Once the pictures are set aside, print the records that follow exactly as written.

+++

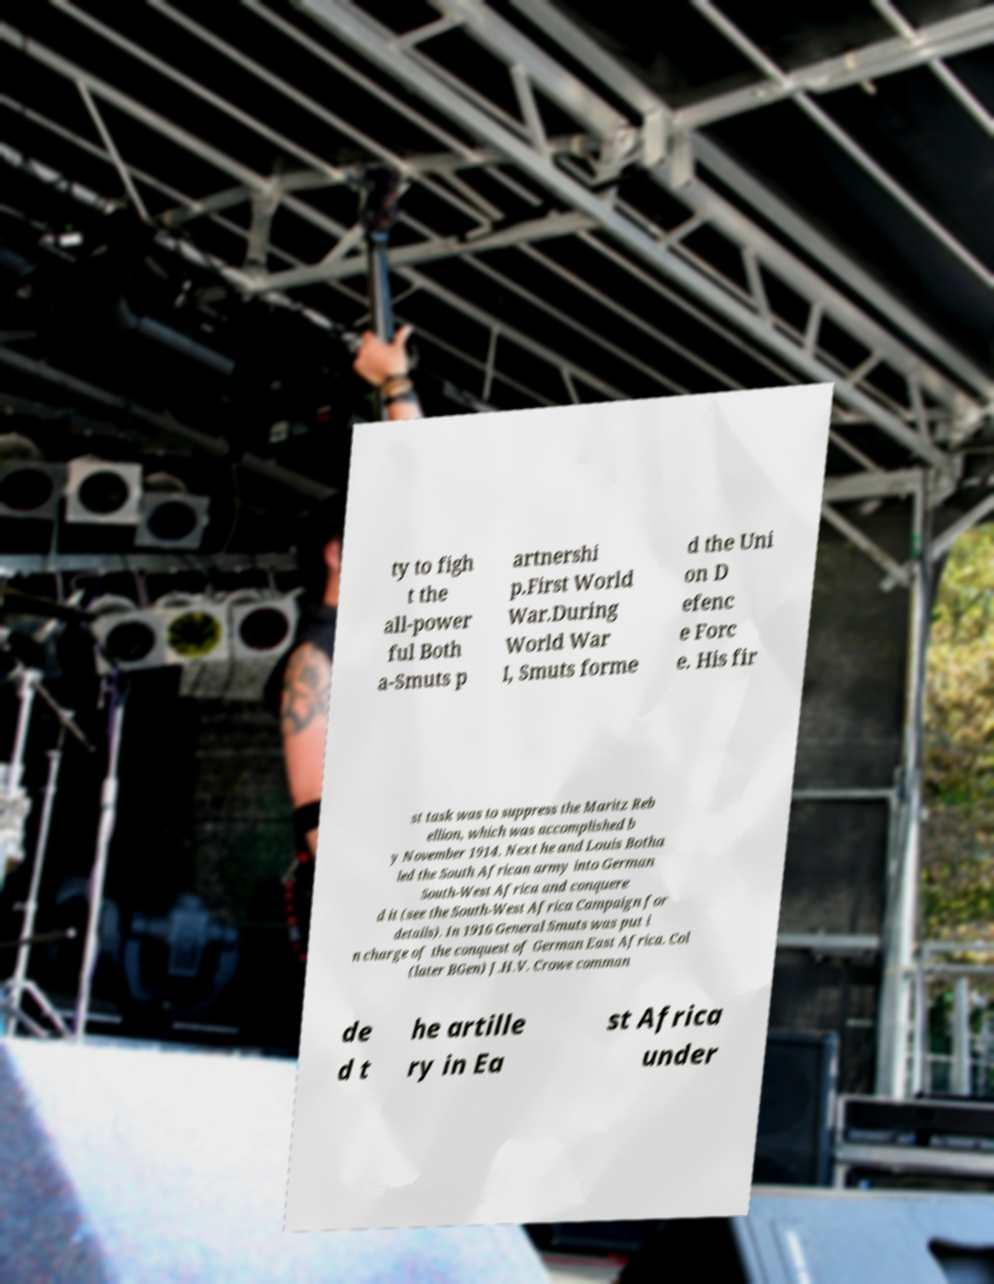I need the written content from this picture converted into text. Can you do that? ty to figh t the all-power ful Both a-Smuts p artnershi p.First World War.During World War I, Smuts forme d the Uni on D efenc e Forc e. His fir st task was to suppress the Maritz Reb ellion, which was accomplished b y November 1914. Next he and Louis Botha led the South African army into German South-West Africa and conquere d it (see the South-West Africa Campaign for details). In 1916 General Smuts was put i n charge of the conquest of German East Africa. Col (later BGen) J.H.V. Crowe comman de d t he artille ry in Ea st Africa under 
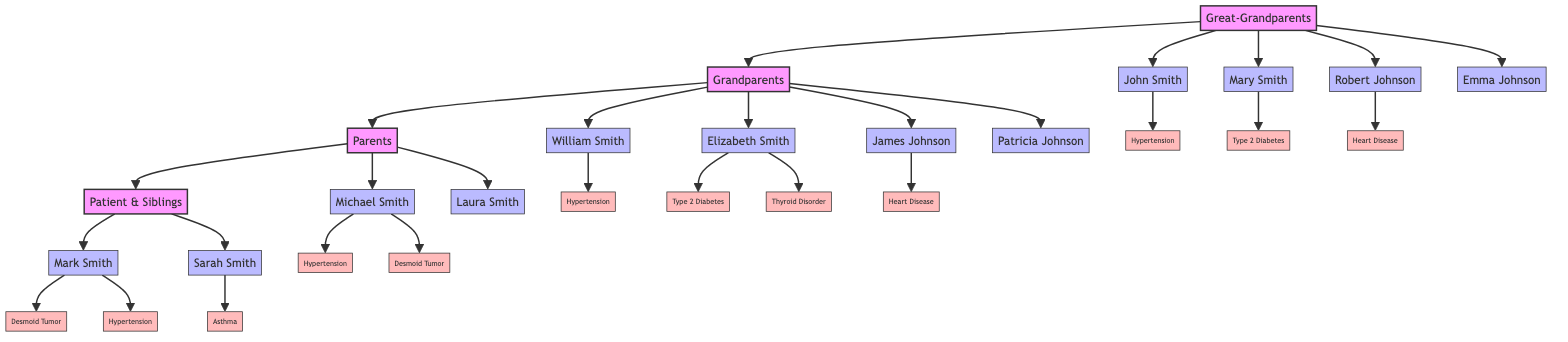What health condition is associated with Mark Smith? The diagram shows that Mark Smith has "Desmoid Tumor" along with "Hypertension" as his health conditions.
Answer: Desmoid Tumor How many generations are represented in the family tree? The diagram contains four generations: Great-Grandparents, Grandparents, Parents, and Patient & Siblings.
Answer: Four Who is the Great-Grandmother of Mark Smith? The diagram indicates that Mary Smith is the Great-Grandmother of Mark Smith, being a member of the Great-Grandparents generation.
Answer: Mary Smith What is the only health condition listed for Patricia Johnson? The diagram indicates that Patricia Johnson has "None" listed under her health conditions, denoting no known health issues.
Answer: None Which of the patient's parents has Desmoid Tumor? The diagram specifies that Michael Smith, the father of Mark Smith, has a Desmoid Tumor as one of his health conditions.
Answer: Michael Smith How many family members in the diagram have Hypertension? By reviewing the health conditions, John Smith, William Smith, Michael Smith, and Mark Smith have Hypertension, totaling four family members.
Answer: Four What health conditions are associated with Elizabeth Smith? The diagram shows that Elizabeth Smith has "Type 2 Diabetes" and "Thyroid Disorder" as her health conditions.
Answer: Type 2 Diabetes, Thyroid Disorder What is the relationship between Laura Smith and Mark Smith? The diagram indicates that Laura Smith is Mark Smith's mother, connecting them in the family tree as parent and child.
Answer: Mother Which member has no known health conditions? The diagram highlights that Emma Johnson and Patricia Johnson both have no health conditions listed, but Patricia Johnson is directly mentioned as a member with the title "Grandmother."
Answer: Patricia Johnson

+++

### YOUR SOLUTION
I need the written content from this picture converted into text. Can you do that? ty to figh t the all-power ful Both a-Smuts p artnershi p.First World War.During World War I, Smuts forme d the Uni on D efenc e Forc e. His fir st task was to suppress the Maritz Reb ellion, which was accomplished b y November 1914. Next he and Louis Botha led the South African army into German South-West Africa and conquere d it (see the South-West Africa Campaign for details). In 1916 General Smuts was put i n charge of the conquest of German East Africa. Col (later BGen) J.H.V. Crowe comman de d t he artille ry in Ea st Africa under 
What health condition is associated with Mark Smith? The diagram shows that Mark Smith has "Desmoid Tumor" along with "Hypertension" as his health conditions.
Answer: Desmoid Tumor How many generations are represented in the family tree? The diagram contains four generations: Great-Grandparents, Grandparents, Parents, and Patient & Siblings.
Answer: Four Who is the Great-Grandmother of Mark Smith? The diagram indicates that Mary Smith is the Great-Grandmother of Mark Smith, being a member of the Great-Grandparents generation.
Answer: Mary Smith What is the only health condition listed for Patricia Johnson? The diagram indicates that Patricia Johnson has "None" listed under her health conditions, denoting no known health issues.
Answer: None Which of the patient's parents has Desmoid Tumor? The diagram specifies that Michael Smith, the father of Mark Smith, has a Desmoid Tumor as one of his health conditions.
Answer: Michael Smith How many family members in the diagram have Hypertension? By reviewing the health conditions, John Smith, William Smith, Michael Smith, and Mark Smith have Hypertension, totaling four family members.
Answer: Four What health conditions are associated with Elizabeth Smith? The diagram shows that Elizabeth Smith has "Type 2 Diabetes" and "Thyroid Disorder" as her health conditions.
Answer: Type 2 Diabetes, Thyroid Disorder What is the relationship between Laura Smith and Mark Smith? The diagram indicates that Laura Smith is Mark Smith's mother, connecting them in the family tree as parent and child.
Answer: Mother Which member has no known health conditions? The diagram highlights that Emma Johnson and Patricia Johnson both have no health conditions listed, but Patricia Johnson is directly mentioned as a member with the title "Grandmother."
Answer: Patricia Johnson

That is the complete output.